I was reading a book yesterday where the author unexpectedly started talking about how close he felt to God when he was in the wild places. He had some great quotes from John Muir, who found God in the wilderness, as well as a few others. One of my favorite quotes was from British journalist J.B. Priestley: “The Colorado River made [the Grand Canyon]. But you feel when you are there that God gave the Colorado River its instructions.”
Sadly, the author – despite growing up in church and having no hard feelings toward the Gospel – fully admits that he has not submitted his life to Christ. He finds God in the wilderness yet has no relationship with that God outside of feeling that some “higher power” had a hand in making these amazing masterpieces. “I want to feel connected to something greater than myself,” he wrote, “But I no longer think there’s one single path that leads to enlightenment or salvation.”
That’s a viewpoint I run across almost daily in my generation. They believe there is “something” out there – whether they call it God, the universe, or another term. It’s often nature that convinces them that there is something more than outer space out there – I’ve rarely met outdoorsy atheists.
The Psalms say, “The heavens declare the glory of God; the skies proclaim the work of His hands… They have no speech, they use no words; no sound is heard from them. Yet their voice goes out into all the earth” (Psalm 19:1, 3-4a). Job said, “As the animals… or the birds of the sky… let the fish of the sea inform you. Which of all these does not know that the hand of the Lord has done this?” (Job 12:7-9). Paul wrote, “Since the creation of the world God’s invisible qualities—his eternal power and divine nature—have been clearly seen, being understood from what has been made, so that people are without excuse” (Romans 1:20). You don’t have to be a Christian to see what God has done and to respond to that.
God has become, to far too much of my generation, as a “something” out there.
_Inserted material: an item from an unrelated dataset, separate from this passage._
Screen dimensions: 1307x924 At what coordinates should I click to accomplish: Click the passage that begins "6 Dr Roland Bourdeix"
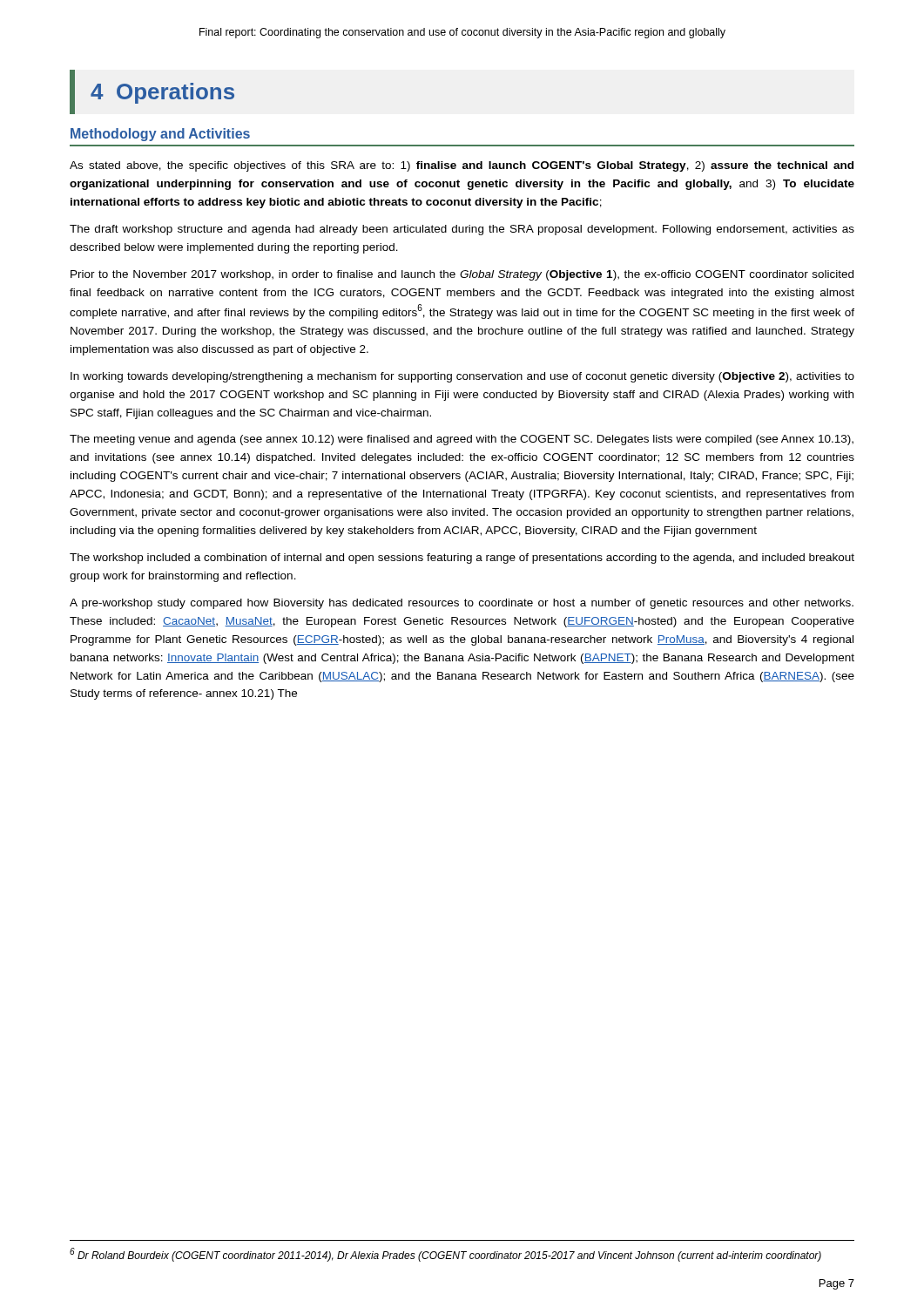click(x=446, y=1254)

Not a good Father (Matthew 7:11), not a Savior from sin (1 Peter 3:18), not a God so interested in us that he counts the very hairs on our heads (Luke 12:7) – just some sort of distant and disinterested being beyond the confines of our world.
“But thanks be to God, who in Christ always leads us in triumphal procession, and through us spreads the fragrance of the knowledge of him everywhere” (Romans 1:8). The very fact that these precious people understand God through His creation means that they have an open door to meet the real Jesus – the One Who not only can save them, but Who can and will fill them with the very thing that they are longing for.
I believe that many will meet God – the real God – as they pursue that feeling they get in the wilderness. They can explain it away with fancy terms like ‘the universe.’ But God is a God waiting to be found, a God Who loves to the point of sacrificing Himself, a God Who will meet you where you’re at if it comes to it. God is drawing a generation to Himself through the wilderness, and I can’t wait to be a small part of helping people find the true desire of their hearts through the things they find beautiful, spectacular, and awe-inspiring.